Wyoming based digital asset bank Custodia is suing the Federal Reserve Board of Governors and the Federal Reserve Bank of Kansas City, claiming an “unlawful delay” in processing an application for its master account.

Custodia, formerly known as Avanti, was one of the first Special Purpose Depository Institutions (SPDIs), also known as “blockchain banks,” made under a Wyoming regulatory framework.

The bank was founded by Caitlin Long, an early advocate of Bitcoin (BTC) who established the institution in 2020 to provide accounts for crypto companies and serve as a bridge for them to the U.S. dollar payment system.

Custodia submitted an application for a Federal Reserve master account 19 months ago in October 2020. The account would allow Custodia to access the Federal Reserve payment systems without using a third-party bank.

Nathan Miller, a spokesperson for Custodia Bank, told Cointelegraph:

“Through this lawsuit, Custodia seeks to ensure that its Federal Reserve master account application receives the fair dealing and due process guaranteed to it by both federal statute and the U.S. Constitution. Custodia has satisfied every rule applicable to it, and has gone beyond by applying to become a Fed member bank.”

The suit claims the Federal Reserve violated a United Stated Code, which outlines a one-year deadline for processing the application, and says that it even states on the master account application that a decision takes five to seven business days.

The Fed’s Kansas City bank was ready to approve the account before the Federal Reserve Board asserted control over the process in spring 2021, thereby “derailing” the application, Custodia says.

Custodia states that the “black-box bureaucratic process” meant it had exhausted “all options short of litigation” and sought to compel the Federal Reserve and its Kansas City bank to approve its master account within 30 days.

Custodia plans to provide final settlement for U.S. dollar payments in digital asset transactions, along with providing digital asset custodial services. A key part of its service is to clear payments for its customers directly with the Fed, which it says will reduce costs, counterparty credit risk and delays in settlement.

The delay has postponed Custodia’s full entry to the market and forced the bank to partner with another bank that already has a master account. It says this is a “makeshift solution” that is “second best and far more expensive”.

Related: Fed governor explains who needs crypto regulation and why demand for it is growing

If Custodia wins the suit or is granted a Fed master account, it will be the first digital asset bank in the country to secure one.

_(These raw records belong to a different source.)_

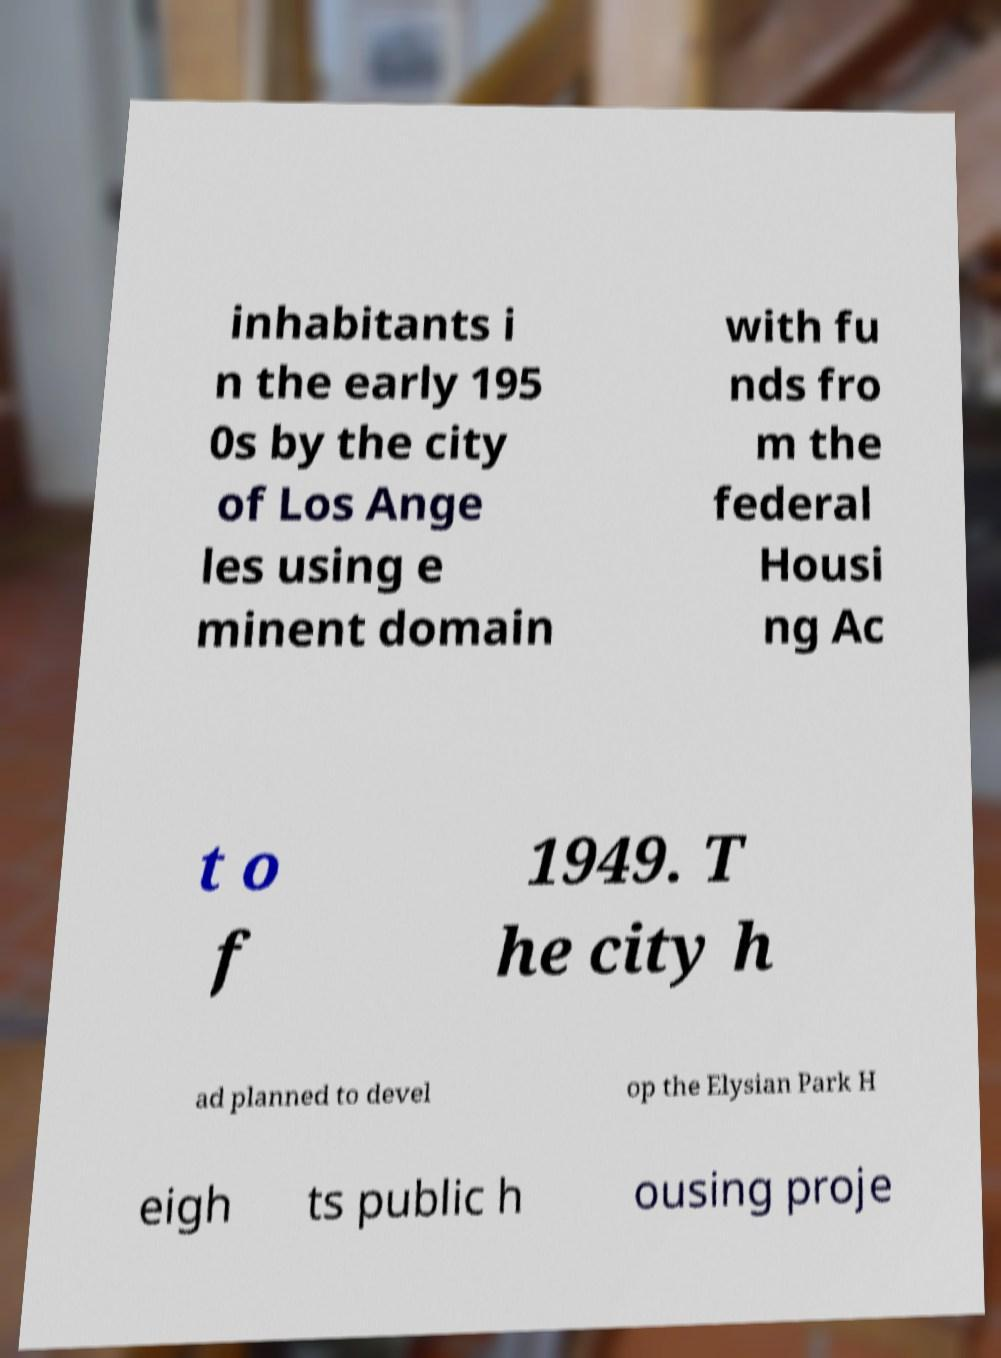Can you read and provide the text displayed in the image?This photo seems to have some interesting text. Can you extract and type it out for me? inhabitants i n the early 195 0s by the city of Los Ange les using e minent domain with fu nds fro m the federal Housi ng Ac t o f 1949. T he city h ad planned to devel op the Elysian Park H eigh ts public h ousing proje 
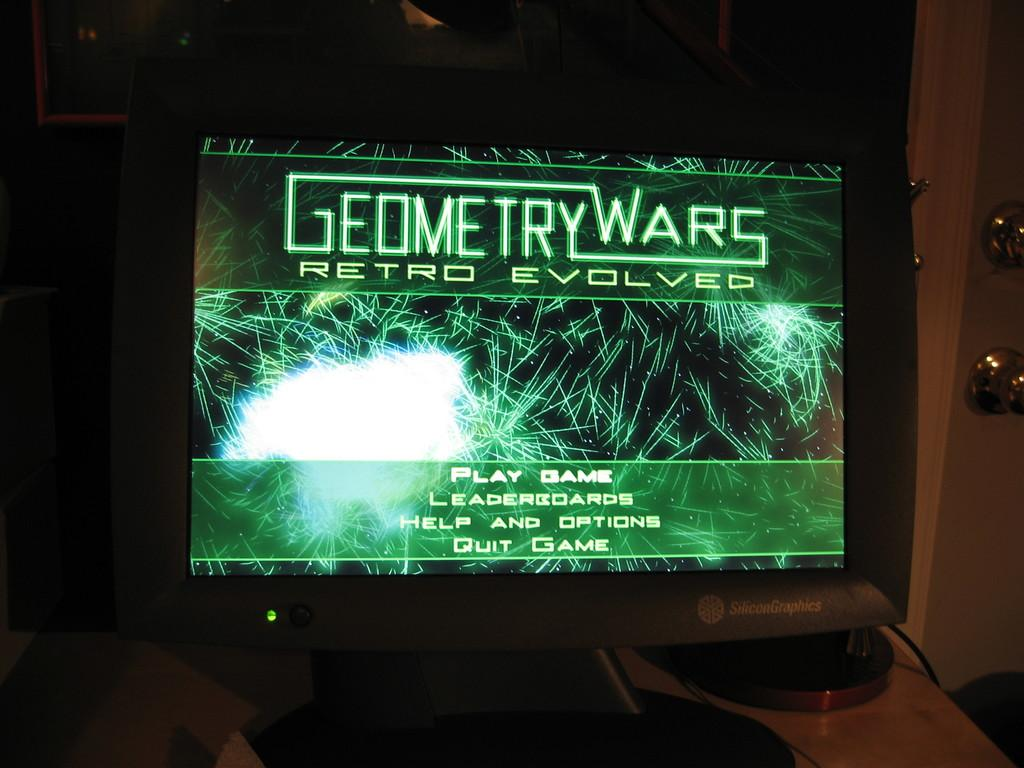What is being displayed on the computer monitor in the image? There is a game on a computer monitor in the image. Where is the computer monitor located? The computer monitor is on a table. What type of toy is being used by the porter in the image? There is no porter or toy present in the image. 
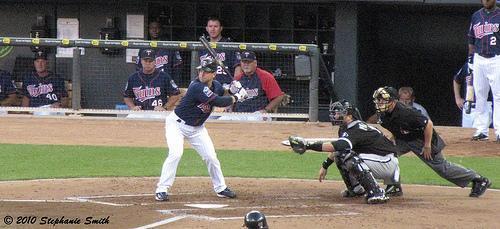How many people are in picture?
Give a very brief answer. 13. 
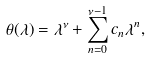Convert formula to latex. <formula><loc_0><loc_0><loc_500><loc_500>\theta ( \lambda ) = \lambda ^ { \nu } + \sum _ { n = 0 } ^ { \nu - 1 } c _ { n } \lambda ^ { n } ,</formula> 
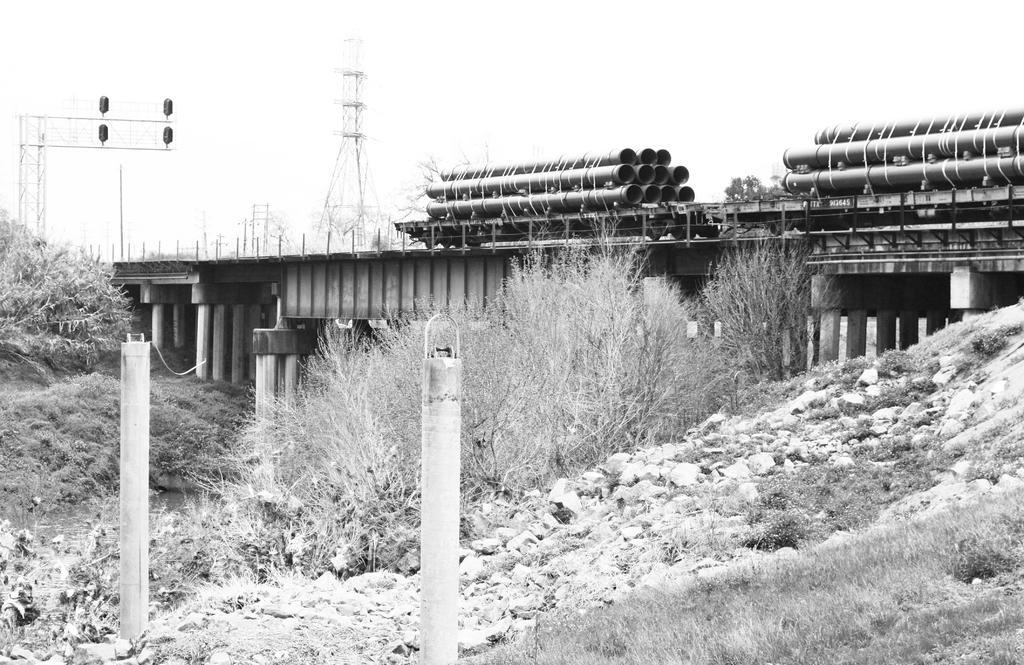Can you describe this image briefly? It is the black and white image in which there is a bridge in the middle. On the bridge there is a truck. On the truck there are pipes which are tied with the ropes. At the bottom there are stones and small plants. In the background there is a tower. On the left side there are signal lights on the road. At the bottom there are two poles. 
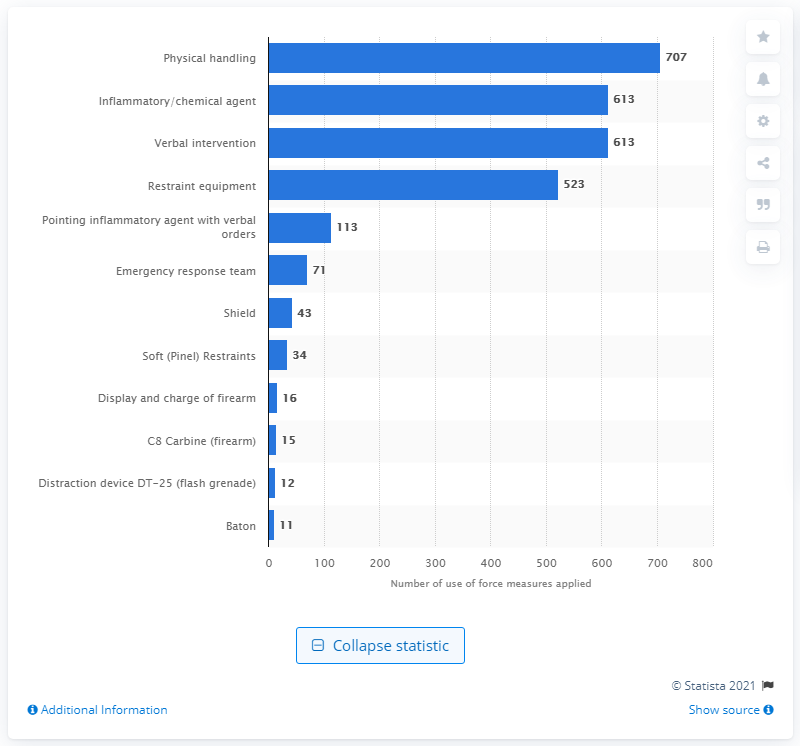Point out several critical features in this image. There were 11 incidents of the use of force with a baton in federal prisons in fiscal year 2020. There were 707 physical handling incidents in federal prisons during fiscal year 2020. 
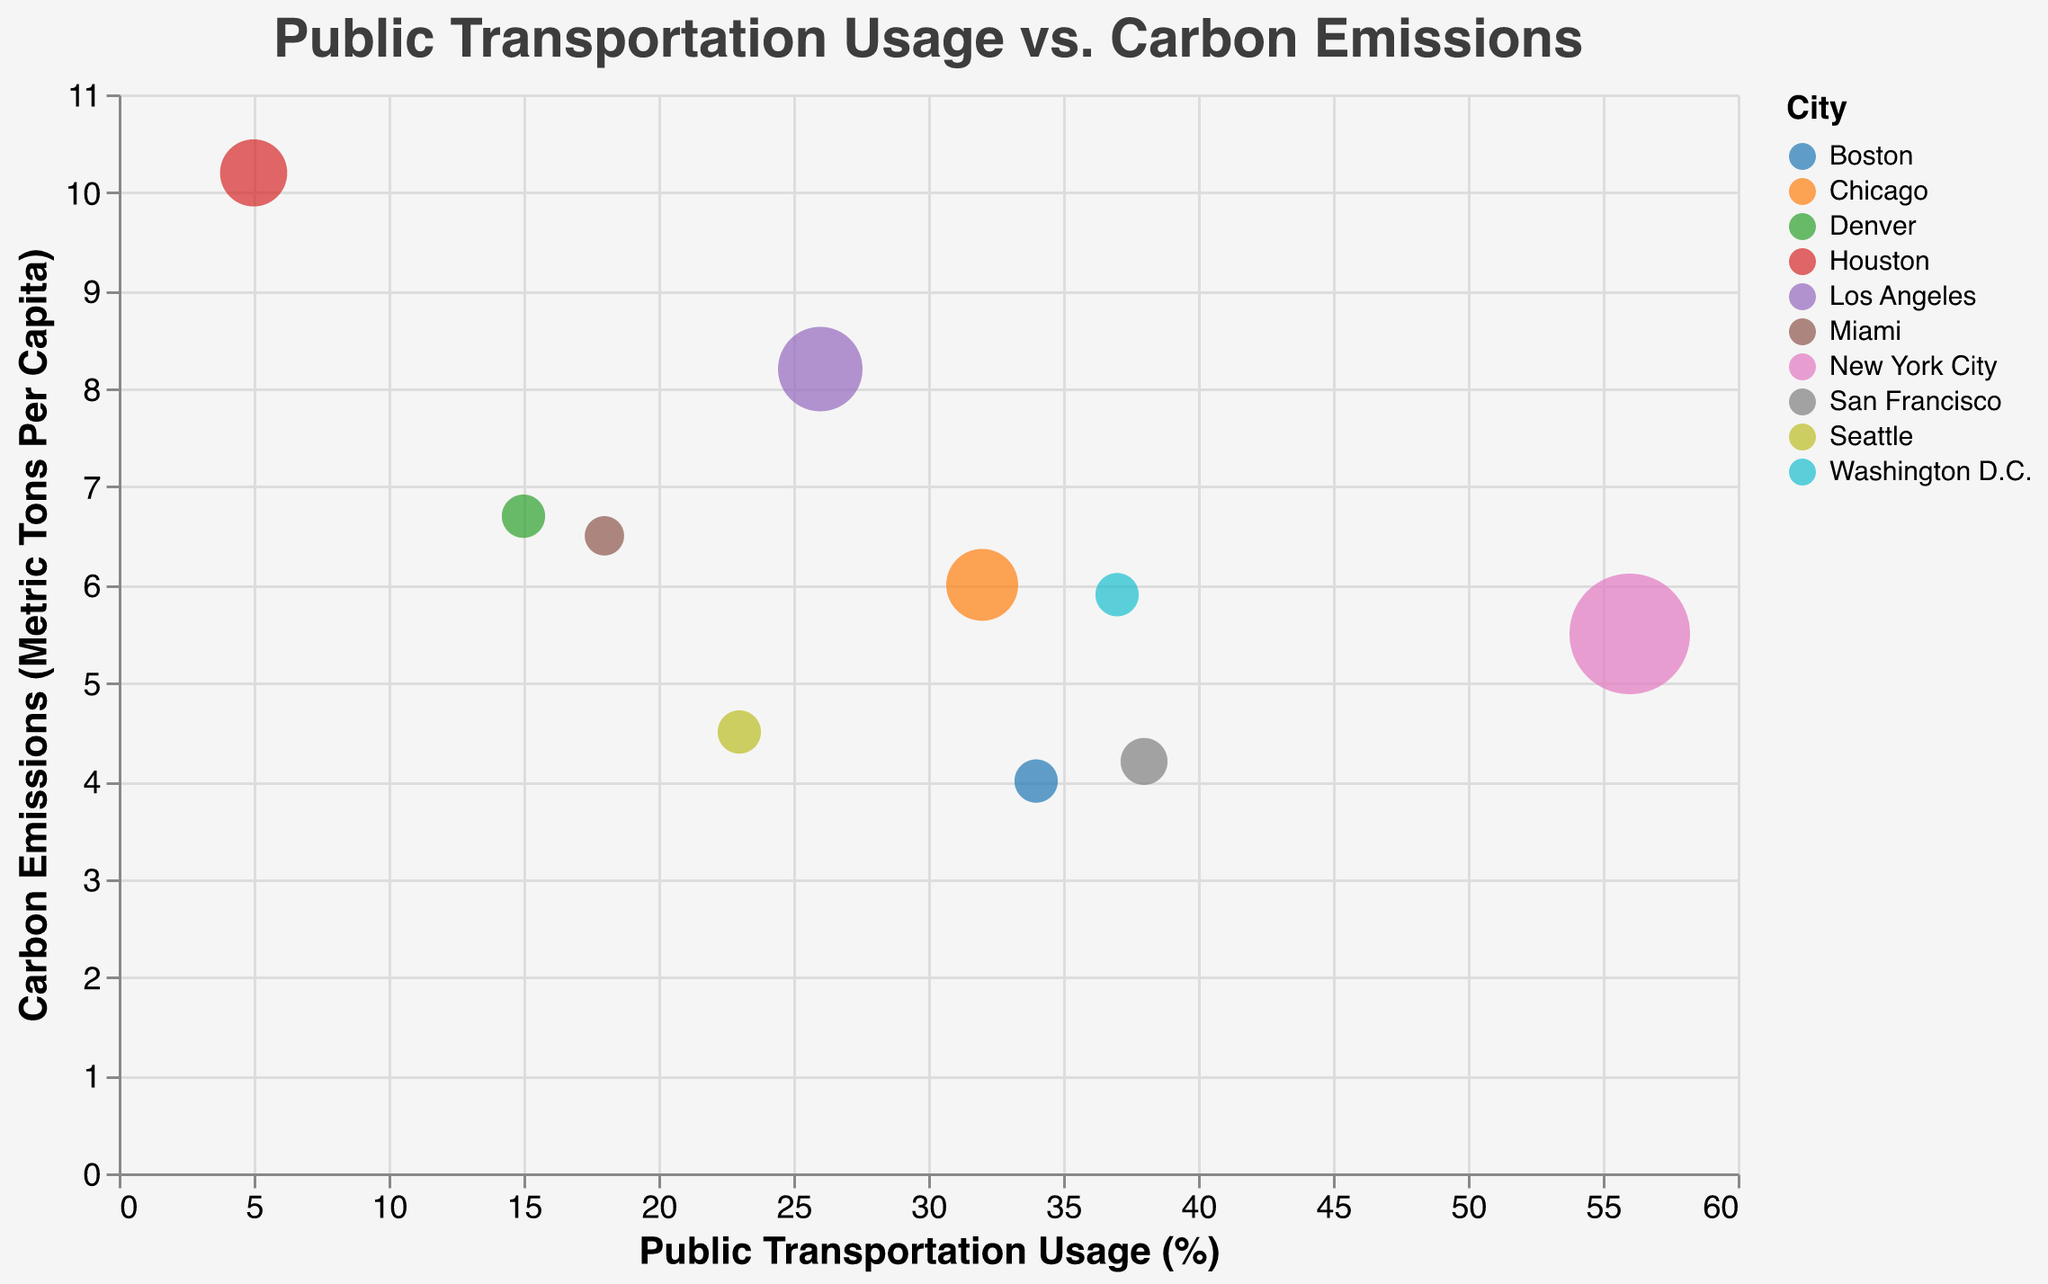What is the title of the chart? The title of the chart is displayed at the top and describes the chart's content.
Answer: Public Transportation Usage vs. Carbon Emissions Which city has the highest percentage of public transportation usage? By looking at the x-axis, we find the bubble that is furthest to the right. This bubble corresponds to New York City.
Answer: New York City What is the carbon emissions metric tons per capita for Los Angeles? Identify the bubble for Los Angeles by its color and tooltip, then read its position on the y-axis.
Answer: 8.2 Which city has the lowest carbon emissions per capita? By locating the bubble closest to the bottom of the y-axis and checking the tooltip or color, we find it corresponds to Boston.
Answer: Boston What is the relationship between public transportation usage and carbon emissions for the cities shown? The chart generally shows that higher public transportation usage tends to relate to lower carbon emissions, as seen in cities like New York City and San Francisco, whereas cities like Houston, with low public transportation usage, have higher emissions.
Answer: Inverse relationship Which city has the largest bubble size, and what does it represent? The largest bubble is identified by comparing bubble sizes. New York City has the largest bubble size, which represents an additional dimension of interest, such as population or another relevant metric.
Answer: New York City Compare the public transportation usage between San Francisco and Miami. Locate the bubbles for San Francisco and Miami, then compare their positions on the x-axis to determine their public transportation usage percentages.
Answer: San Francisco has 38%, and Miami has 18% Which city has higher carbon emissions per capita, Seattle or Denver? By comparing the y-axis positions of Seattle and Denver's bubbles, we determine which one is higher.
Answer: Denver What is the average carbon emissions per capita for New York City and San Francisco combined? Sum the emissions for both cities (5.5 + 4.2) and divide by 2 to get the average.
Answer: 4.85 How does Boston's public transportation usage compare to Chicago's? Locate the bubbles for Boston and Chicago, then compare their positions on the x-axis to determine their public transportation usage percentages.
Answer: Boston has 34% and Chicago has 32%

In December 2021, the Republican senator for Wyoming Cynthia Lummis claimed the Fed was "violating the law" with its unfair treatment of SPDIs like Custodia through delaying applications to receive master accounts.

SPDIs were created from a Wyoming regulatory framework for cryptocurrency custody introduced in late 2019 to serve businesses unable to secure Federal Deposit Insurance Corporation (FDIC) banking services due to their dealings with cryptocurrency.